В управлении меня зовут Голубчиком, шутка такая. По-моему, ничего остроумного, ну да ладно, я притерпелся.

— Да что с тобой?

Я не стал пускаться в откровения. Почему-то паренек не внушает мне доверия. Я его даже опасаюсь. Он вроде бы что-то замышляет. И это подозрительно. Но в конце концов, я не полиция. Знаю я таких: делают вид, что им все нипочем, а совершить ничего не могут, вранье — оно вранье и есть. И еще не люблю, когда мне талдычат, будто я все делаю не так. А наш уборщик вечно корчит из себя умника да поглядывает с хитрой ухмылкой: мол, ему-то известно, что и как надо делать, все проще простого, только руку протяни.

Нет, не нравится мне его взгляд. Будто я перед ним провинился. А у меня тоже есть гордость, и нечего меня шпынять почем зря.

— Кстати, — сказал он из-за своей пирамиды, — в субботу вечером у нас собрание. Может, придешь?

Узнаю честолюбца: все они только и знают, что предъявлять требования и претензии. В сущности, тот же фашизм. Впрочем, может, тотальный фашизм, обрывающий все надежды, не так уж плох. Чем не демократия: у всех одинаково нет свободы, и все понимают, почему ее нет и быть не может. Значит, у всех есть оправдание. Бывают же люди, которые до того боятся смерти, что не выдерживают спокойной жизни и кончают с собой.

— В полдевятого в комитете. Приходи. Хоть выползешь из своей дыры.
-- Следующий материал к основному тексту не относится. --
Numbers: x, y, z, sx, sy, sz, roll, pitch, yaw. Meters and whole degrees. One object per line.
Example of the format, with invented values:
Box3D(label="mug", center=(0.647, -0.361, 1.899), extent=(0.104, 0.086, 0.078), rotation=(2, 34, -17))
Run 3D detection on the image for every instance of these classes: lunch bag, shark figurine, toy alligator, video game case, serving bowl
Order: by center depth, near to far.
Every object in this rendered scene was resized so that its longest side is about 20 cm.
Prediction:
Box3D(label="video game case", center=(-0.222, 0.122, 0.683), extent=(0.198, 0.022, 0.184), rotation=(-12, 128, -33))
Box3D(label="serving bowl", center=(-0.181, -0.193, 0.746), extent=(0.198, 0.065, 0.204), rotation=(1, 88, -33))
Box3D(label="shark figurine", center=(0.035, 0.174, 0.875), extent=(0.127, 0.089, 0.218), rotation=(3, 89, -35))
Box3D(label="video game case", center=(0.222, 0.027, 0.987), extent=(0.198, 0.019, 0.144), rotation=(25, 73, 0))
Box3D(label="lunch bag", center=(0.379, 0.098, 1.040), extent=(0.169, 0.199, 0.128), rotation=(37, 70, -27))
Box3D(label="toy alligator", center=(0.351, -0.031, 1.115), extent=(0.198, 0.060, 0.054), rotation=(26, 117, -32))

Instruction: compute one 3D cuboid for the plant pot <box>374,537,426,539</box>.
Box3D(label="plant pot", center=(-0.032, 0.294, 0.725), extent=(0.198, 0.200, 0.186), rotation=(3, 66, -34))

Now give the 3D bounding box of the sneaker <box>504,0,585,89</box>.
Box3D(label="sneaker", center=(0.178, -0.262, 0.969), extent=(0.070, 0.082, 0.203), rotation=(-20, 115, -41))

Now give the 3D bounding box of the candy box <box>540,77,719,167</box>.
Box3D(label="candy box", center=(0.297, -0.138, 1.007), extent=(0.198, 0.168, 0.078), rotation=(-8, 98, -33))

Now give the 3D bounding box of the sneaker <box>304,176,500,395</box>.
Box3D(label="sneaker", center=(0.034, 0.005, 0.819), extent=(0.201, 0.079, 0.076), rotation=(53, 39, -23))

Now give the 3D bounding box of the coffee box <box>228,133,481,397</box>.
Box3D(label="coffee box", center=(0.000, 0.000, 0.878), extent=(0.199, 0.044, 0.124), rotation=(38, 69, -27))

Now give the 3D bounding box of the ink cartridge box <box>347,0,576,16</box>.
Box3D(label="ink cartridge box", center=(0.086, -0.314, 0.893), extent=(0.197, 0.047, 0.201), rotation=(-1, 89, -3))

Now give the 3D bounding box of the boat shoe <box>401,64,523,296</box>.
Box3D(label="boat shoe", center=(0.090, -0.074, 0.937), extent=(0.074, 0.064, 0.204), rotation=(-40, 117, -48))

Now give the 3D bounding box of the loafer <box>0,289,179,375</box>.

Чего я действительно не терплю, так это когда ругают мое жилище. Лично для меня нет ничего дороже. Каждый предмет, каждая вещица в моем доме, от шкафа до пепельницы, — мои старые друзья. Я твердо знаю, что каждый вечер найду их на тех же местах, где оставил утром. Это вселяет уверенность. И ослабляет комплекс. Кресло, кровать, стул всегда готовы принять меня, свет послушно зажигается, только нажми на кнопку.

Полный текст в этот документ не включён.